Your copy begins at the line with "HFOV 65.0°." and runs through the end of the data below. Set down only those lines exactly, without pictures.

** Exercise material follows **

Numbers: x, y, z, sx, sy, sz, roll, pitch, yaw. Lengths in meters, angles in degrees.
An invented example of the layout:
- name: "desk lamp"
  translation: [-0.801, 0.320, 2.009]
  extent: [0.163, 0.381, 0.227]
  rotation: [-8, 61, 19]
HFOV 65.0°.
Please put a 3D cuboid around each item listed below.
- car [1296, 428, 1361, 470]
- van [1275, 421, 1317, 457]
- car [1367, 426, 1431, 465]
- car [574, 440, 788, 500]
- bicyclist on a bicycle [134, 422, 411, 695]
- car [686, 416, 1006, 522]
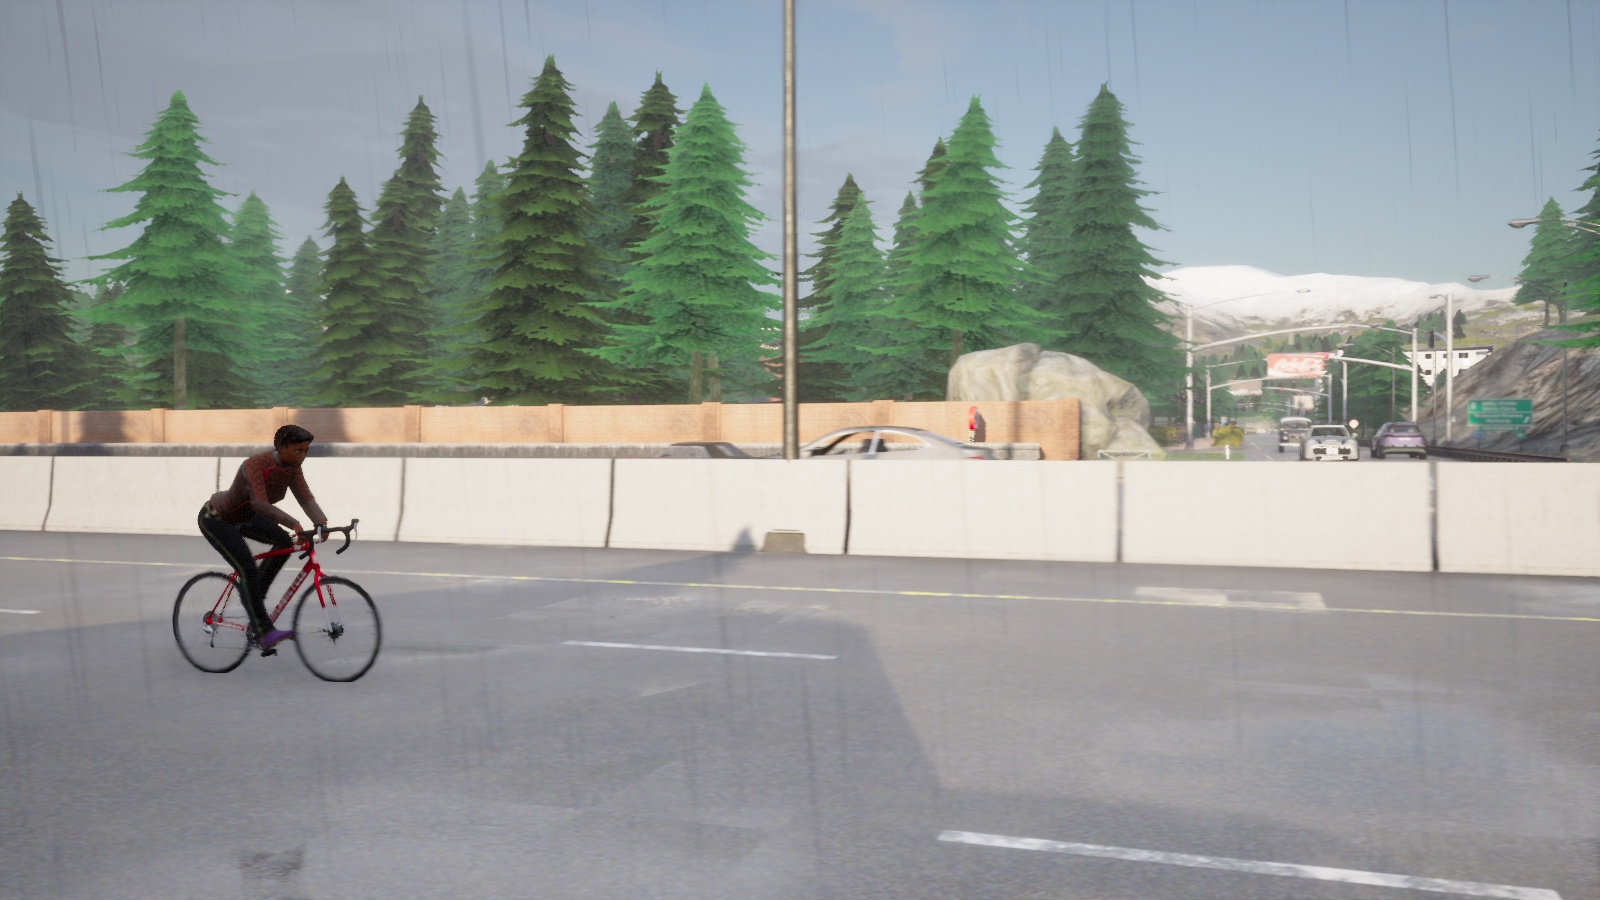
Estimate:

** End of Exercise material **

Your response =
HFOV 65.0°.
Please put a 3D cuboid around each item listed below.
- car [1296, 428, 1361, 470]
- van [1275, 421, 1317, 457]
- car [1367, 426, 1431, 465]
- car [574, 440, 788, 500]
- bicyclist on a bicycle [134, 422, 411, 695]
- car [686, 416, 1006, 522]
Estimate:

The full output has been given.